Modern internal combustion engines provide sophisticated control systems for managing combustion to increase engine efficiency and/or reduce undesired emissions. Such control systems may adjust spark timing, fuel timing and amount, and valve timing to adjust combustion conditions within the engine to a target state under varying loads, fuel grades, and environmental conditions.
The desired target state for optimal combustion is unstable and for this reason the control system must constantly monitor the combustion process as it evolves to recompute the control outputs. For this purpose, it is important to have accurate knowledge of combustion temperature and other features of the combustion gas within the combustion chamber. Such information is difficult to obtain. Experimental internal combustion engines for research may provide windows into the combustion chamber that allow direct monitoring of the combustion process; however, windows are subject to fouling by soot and the like and require regular cleaning. This requirement for regular cleaning makes such combustion chamber windows largely impractical for commercial engines.
The present invention places combustion chamber windows in the cylinder wall at locations where they may be wiped by the piston rings of the piston to remove obscuring particulate matter. Because windows placed in this position are inevitably coated with contaminated oil distributed over the cylinder walls by the piston rings, the cylinder walls would appear to be a poor candidate for window location. The inventors, however, have determined that a controlled thin layer of contaminated oil permits sufficient transmission for absorption spectrometry. The result is a system that can provide real-time combustion gas analysis suitable for long-term use in commercial engines.

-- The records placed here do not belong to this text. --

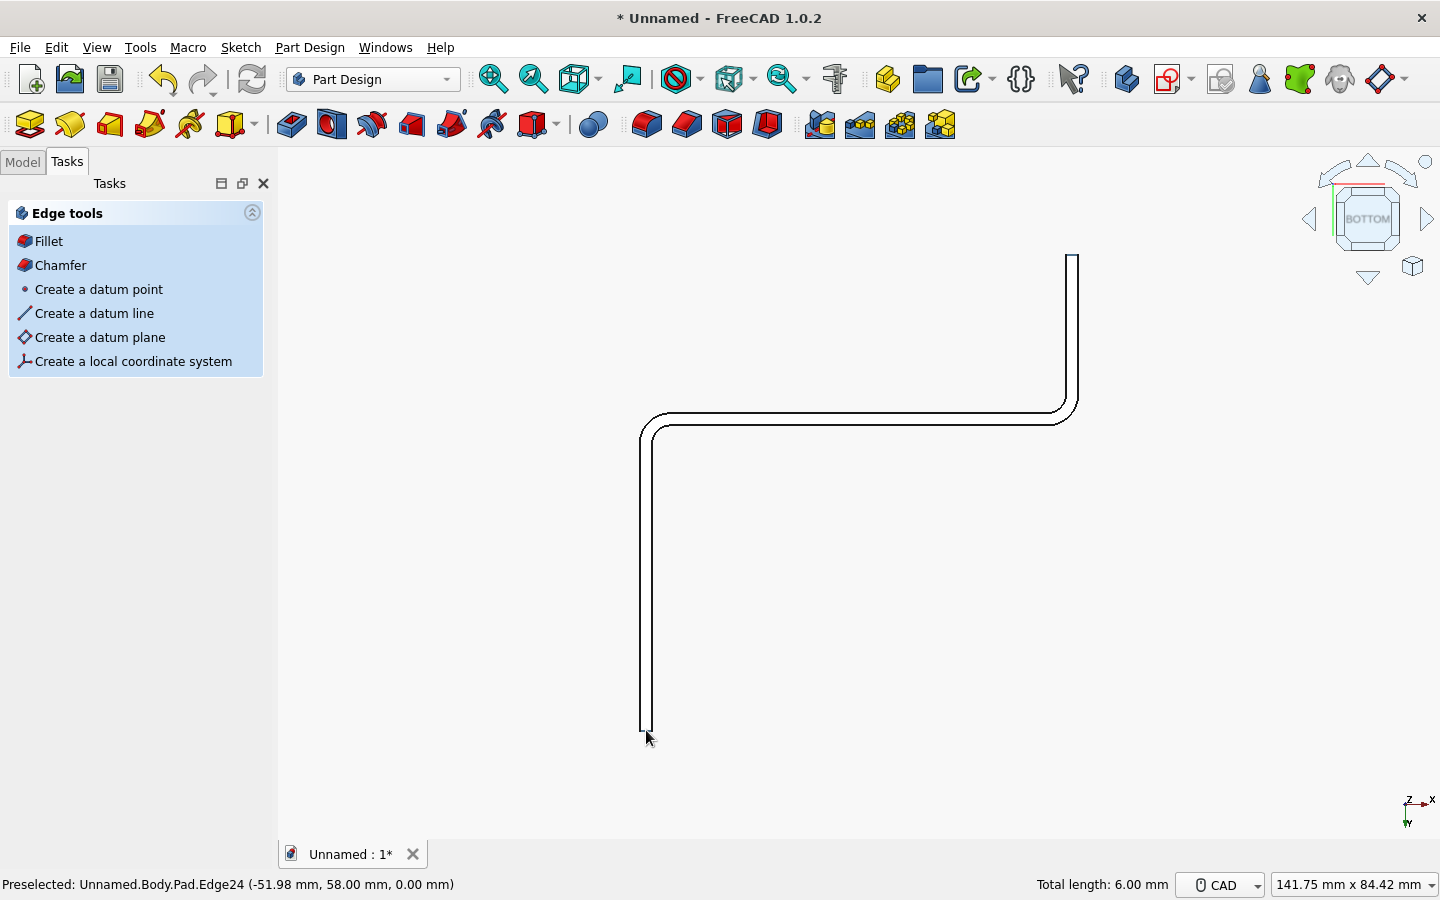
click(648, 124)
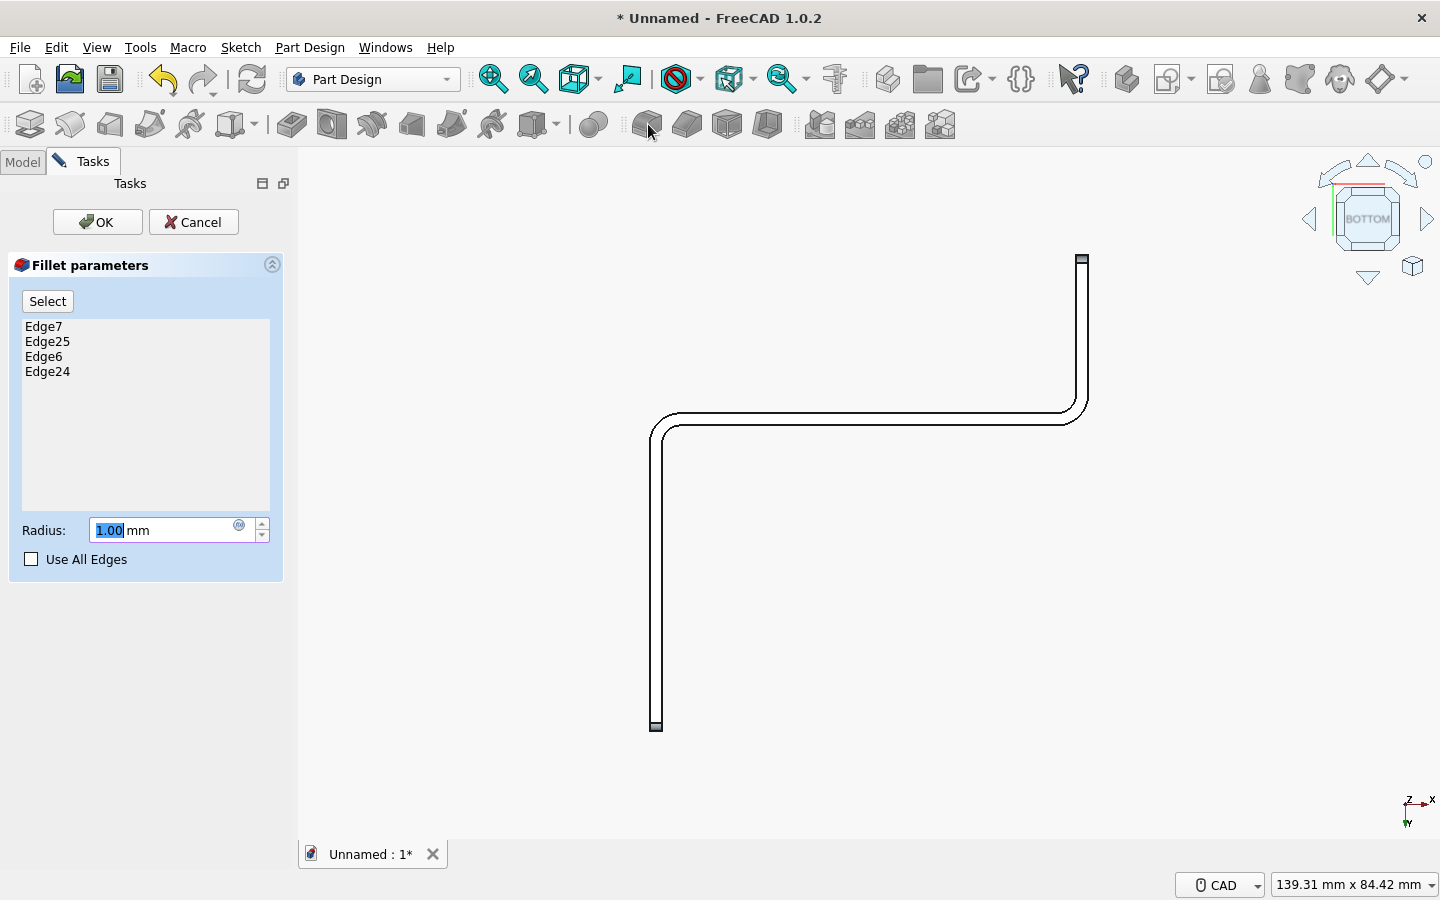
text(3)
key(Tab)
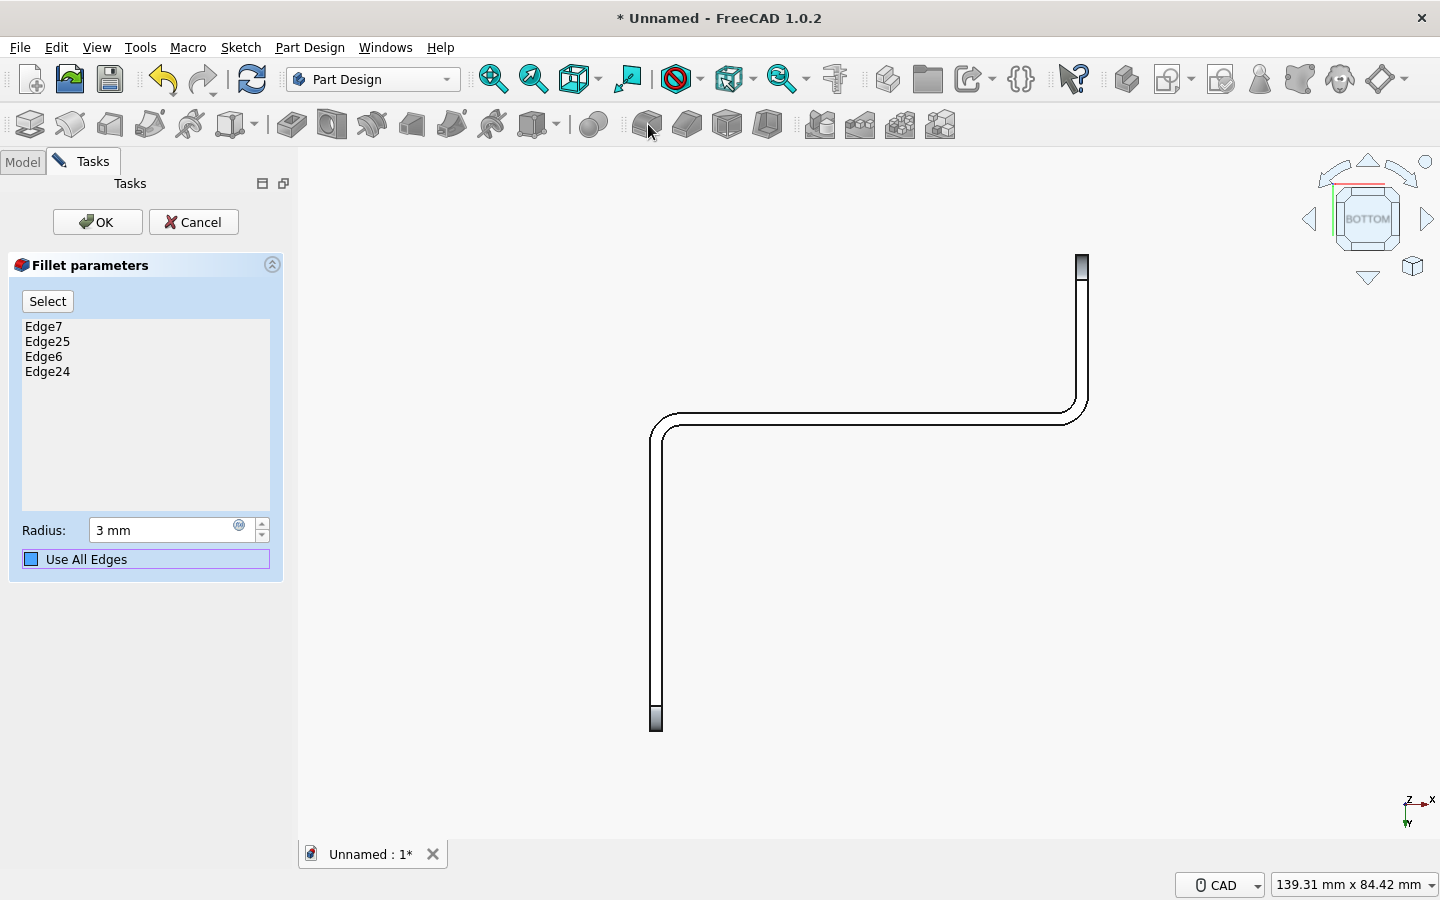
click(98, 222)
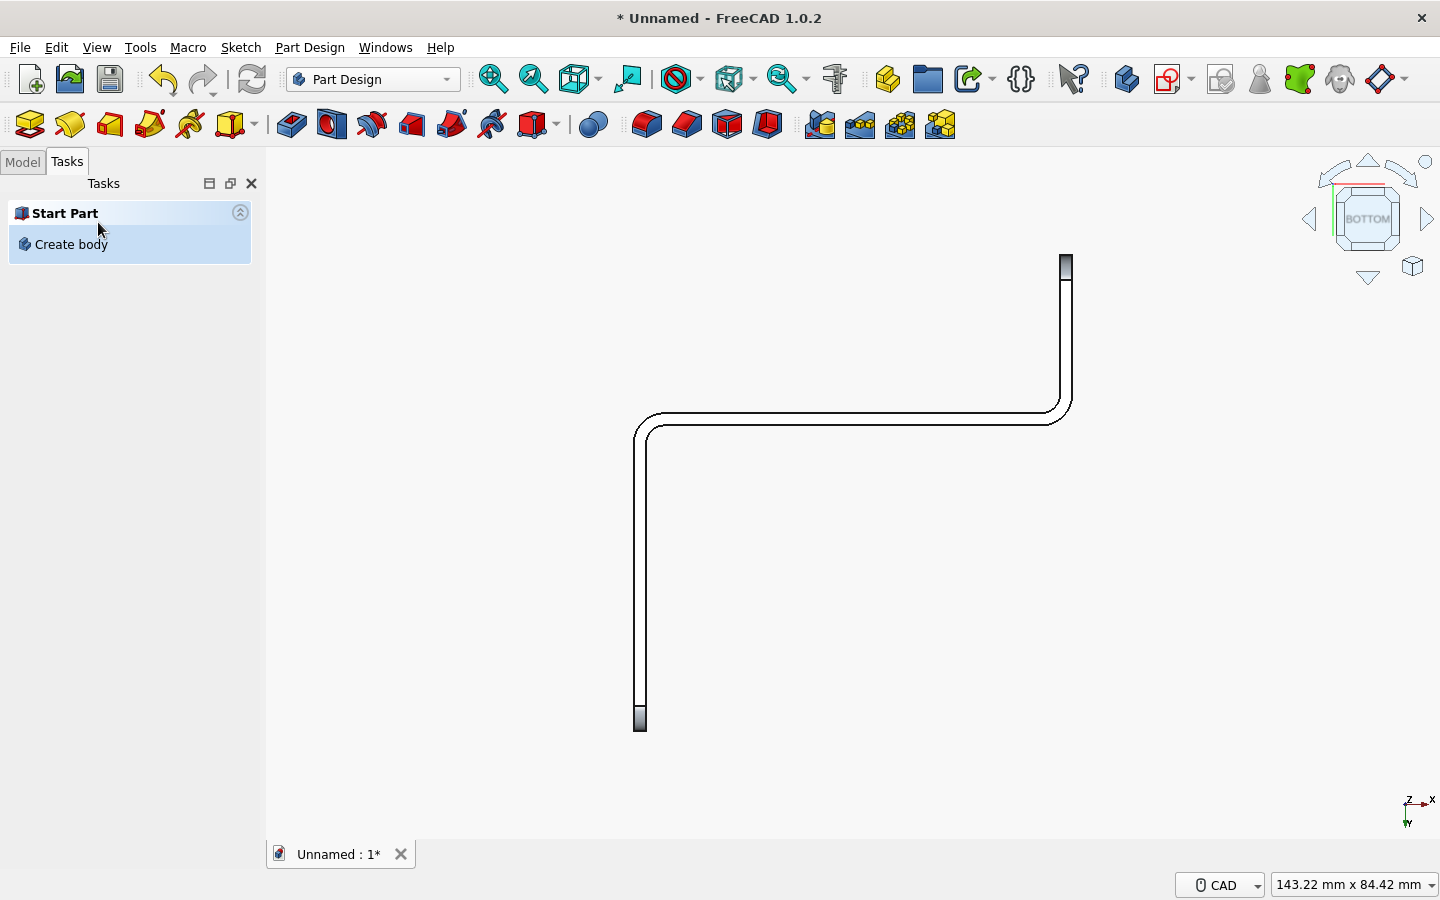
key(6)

Specifically then, the present invention provides an internal combustion engine having a combustion chamber providing a cylindrical passageway terminating at a cylinder head. A piston is sized to slidably reciprocate within the cylindrical passageway and includes at least one piston ring encircling the piston and elastically biased outward to engage inner walls of the cylindrical passageway with movement of the piston. The combustion chamber includes at least one window on the inner wall of the cylindrical passageway providing a passage of light into and out of the combustion chamber through the inner wall, an inner surface of the window positioned proximate to the inner surface to be cleared of optically obscuring contamination by movement of the piston ring thereacross with reciprocation of the piston.
It is thus a feature of at least one embodiment of the invention to provide a window into the combustion chamber, for optical measurements of combustion gases, so that the window is resistant to long-term fouling and thus suitable for standard commercial engines.
The internal combustion engine may further include a lubrication system delivering oil through openings in the piston to be distributed over the inner wall of the cylindrical passageway and the window with movement of the piston.
It is thus a feature of at least one embodiment of the invention to use an oil layer to protect the window against initial adhesion of damaging fouling deposits.
The window may be offset inward from the inner wall of the cylindrical chamber.
It is thus a feature of at least one embodiment of the invention to preserve a protective layer of oil during initial engine operation and to accommodate cylinder wear. The inventor has determined that a thin layer of dirty oil can be accommodated by the optical measurements thus permitting a longer-lived system.
The window may be offset inward by less than 150 micrometers and in some embodiments by less than 50 micrometers.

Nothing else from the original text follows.